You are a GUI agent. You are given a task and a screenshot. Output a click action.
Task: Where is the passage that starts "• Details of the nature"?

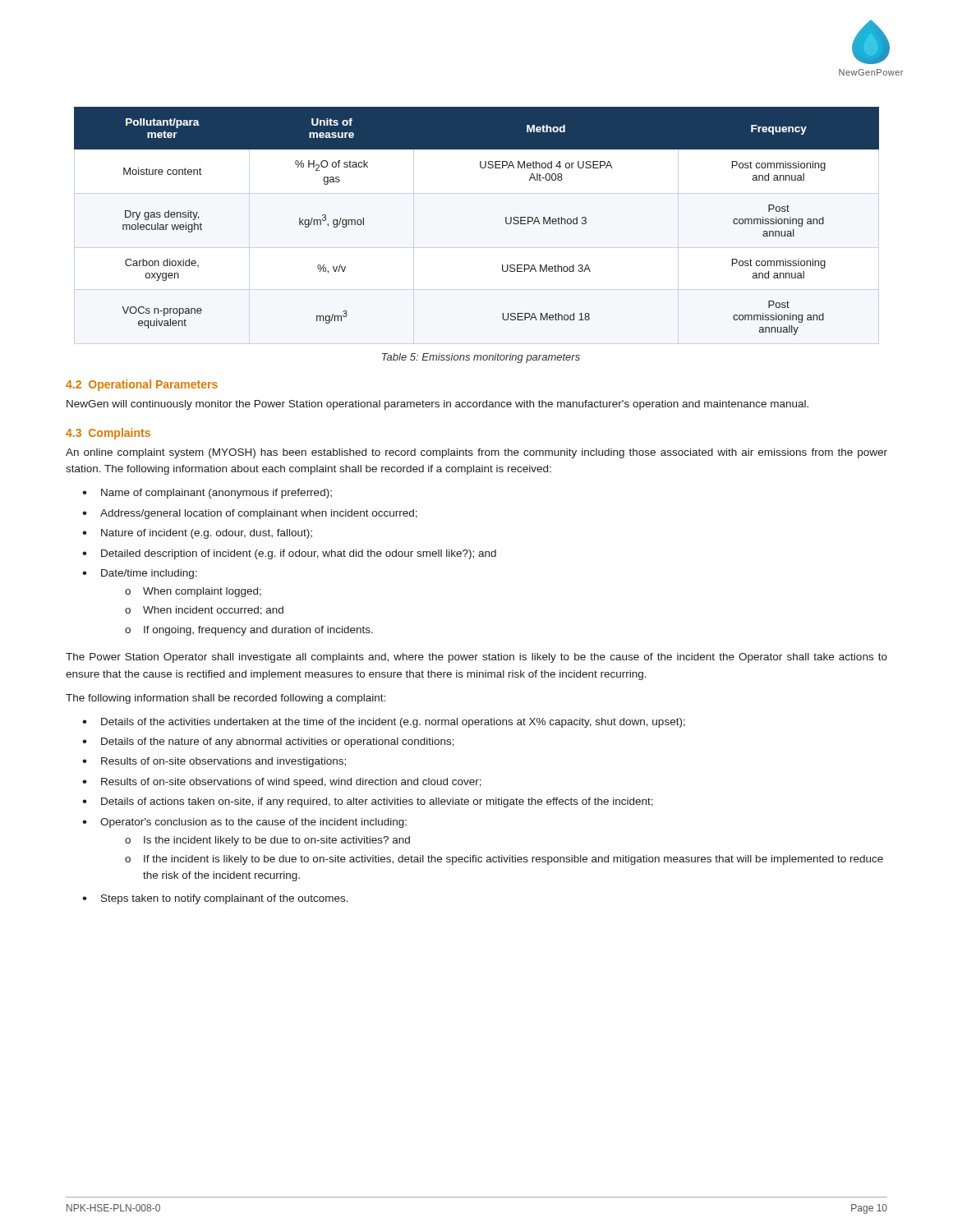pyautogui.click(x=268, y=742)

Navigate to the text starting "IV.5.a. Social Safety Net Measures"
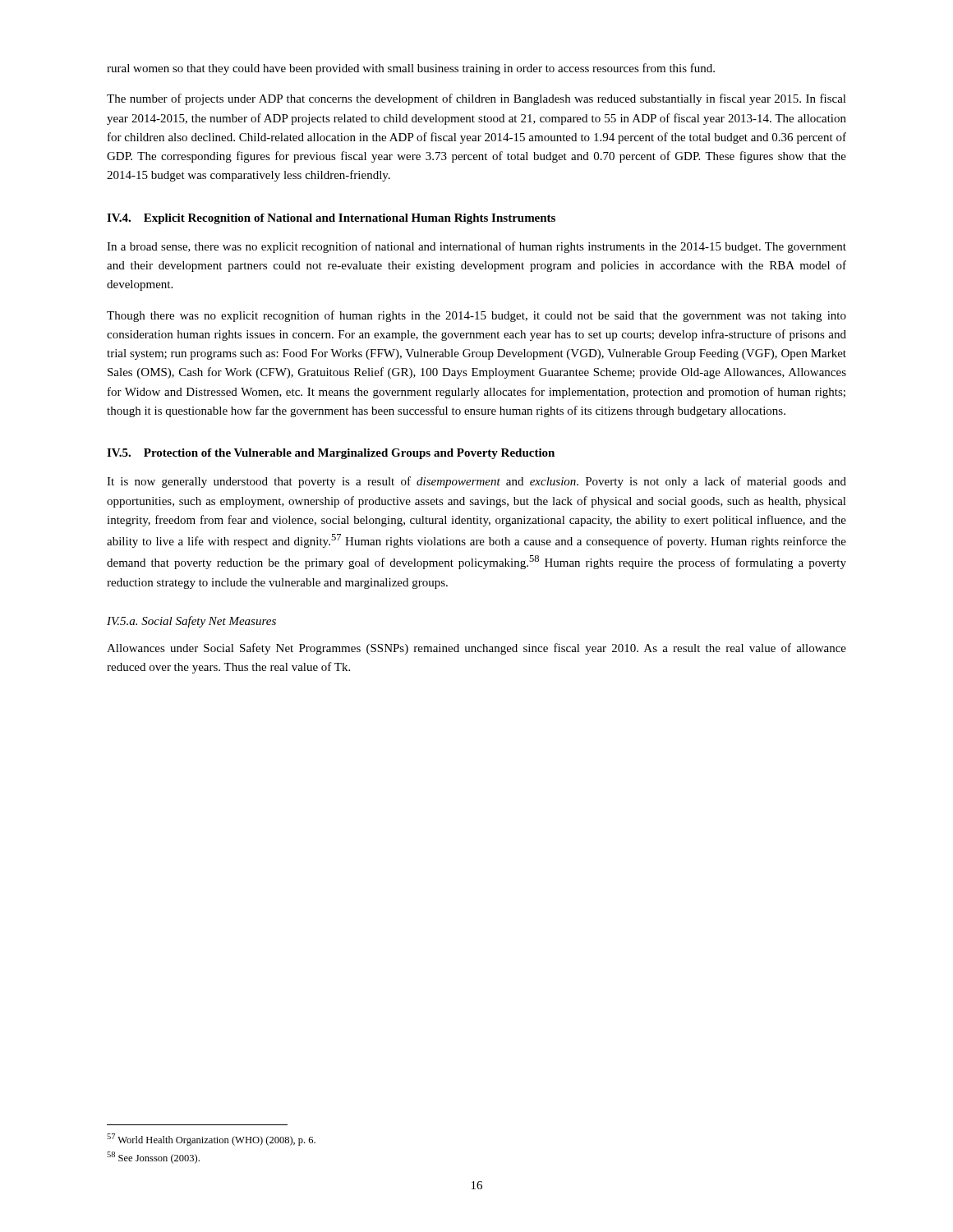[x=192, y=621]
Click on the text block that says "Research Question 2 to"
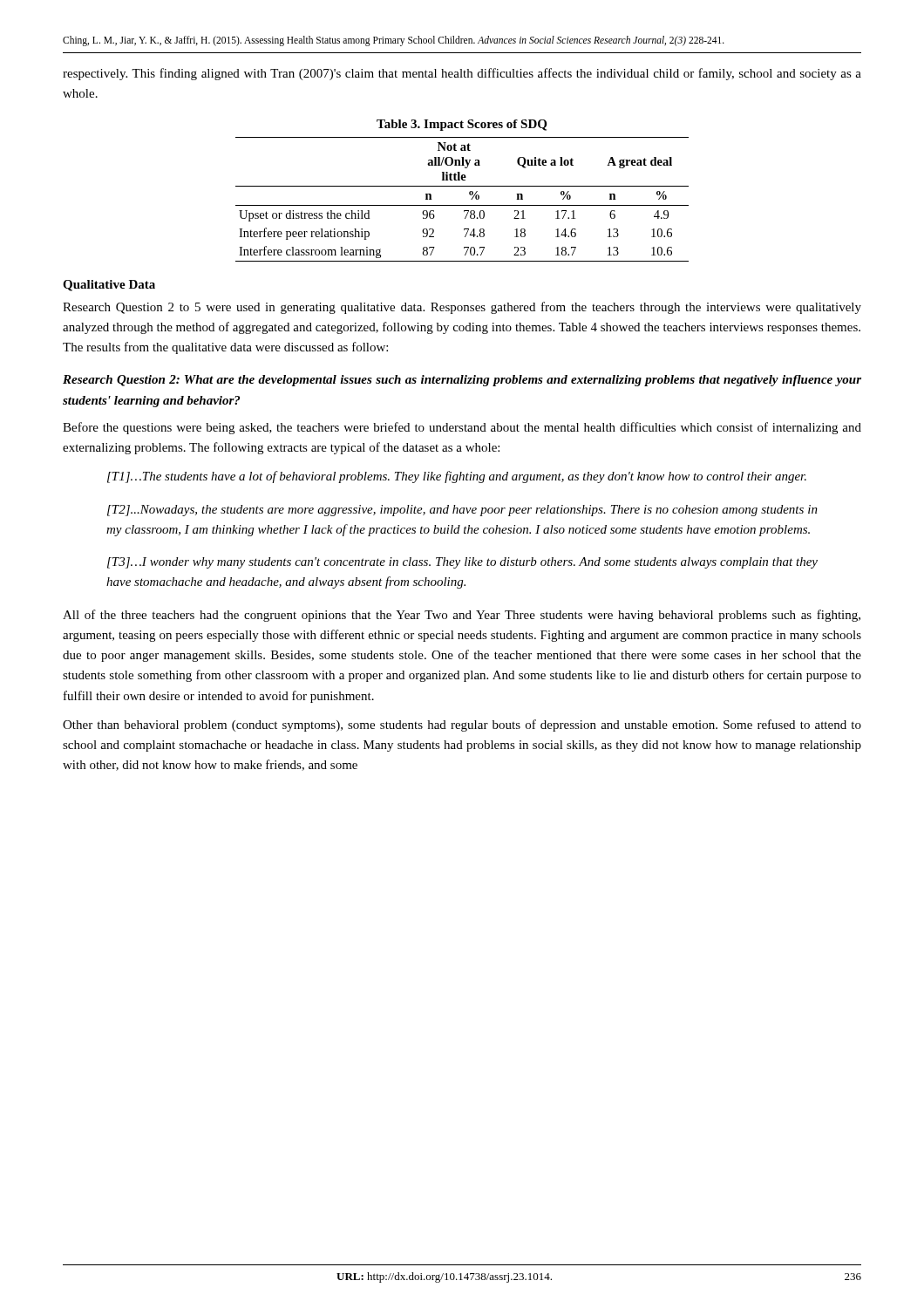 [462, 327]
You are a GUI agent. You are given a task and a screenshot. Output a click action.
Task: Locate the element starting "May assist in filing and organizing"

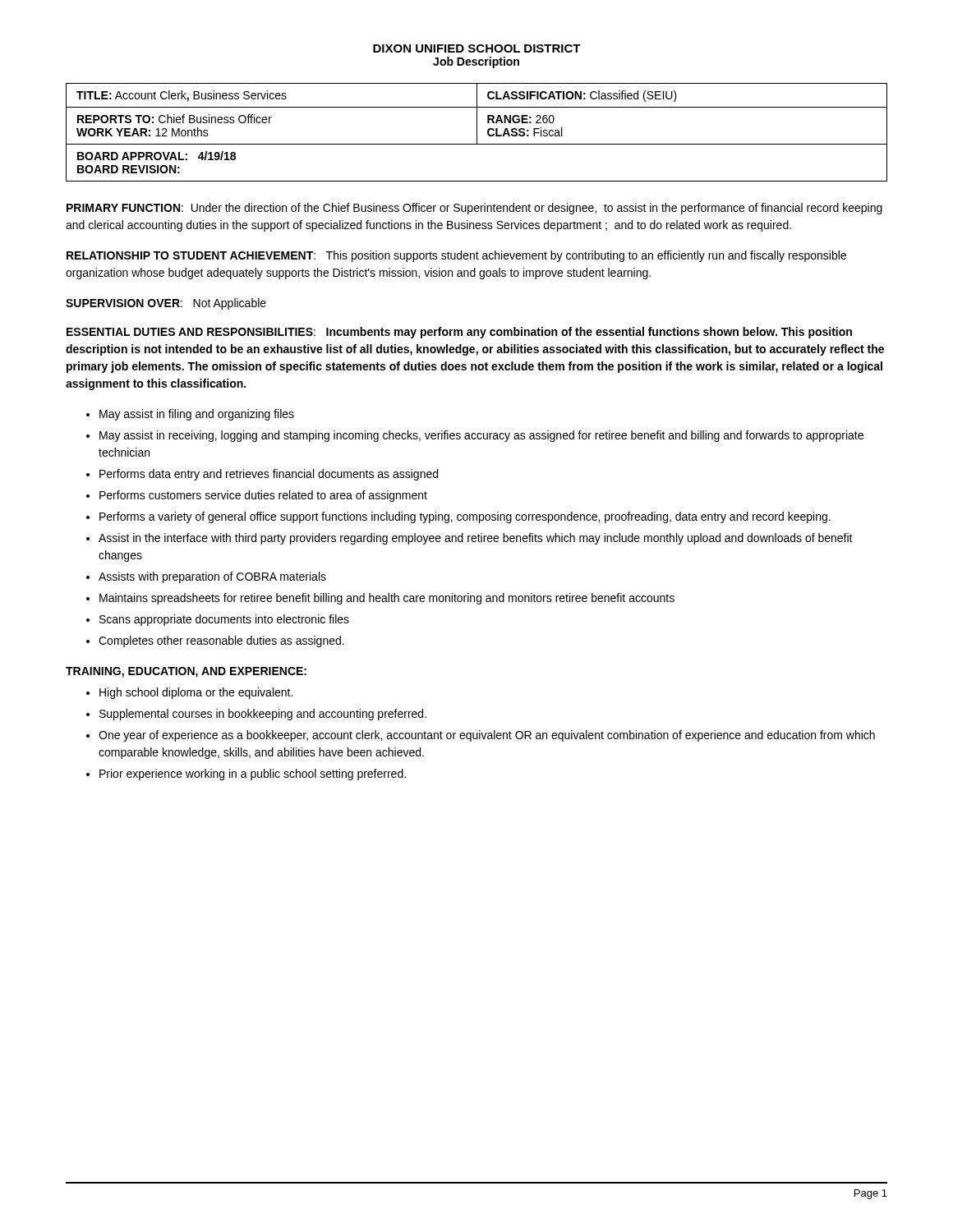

| Directions |
Leave out all pictures, then copy the remaining material exactly.

| Problem solution |
You are a GUI agent. You are given a task and a screenshot. Output a click action.
Task: Where is the passage that starts "• Details of the nature"?

pyautogui.click(x=268, y=742)

Navigate to the text starting "IV.5.a. Social Safety Net Measures"
[x=192, y=621]
Click on the text block that says "Research Question 2 to"
 [462, 327]
You are a GUI agent. You are given a task and a screenshot. Output a click action.
Task: Locate the element starting "May assist in filing and organizing"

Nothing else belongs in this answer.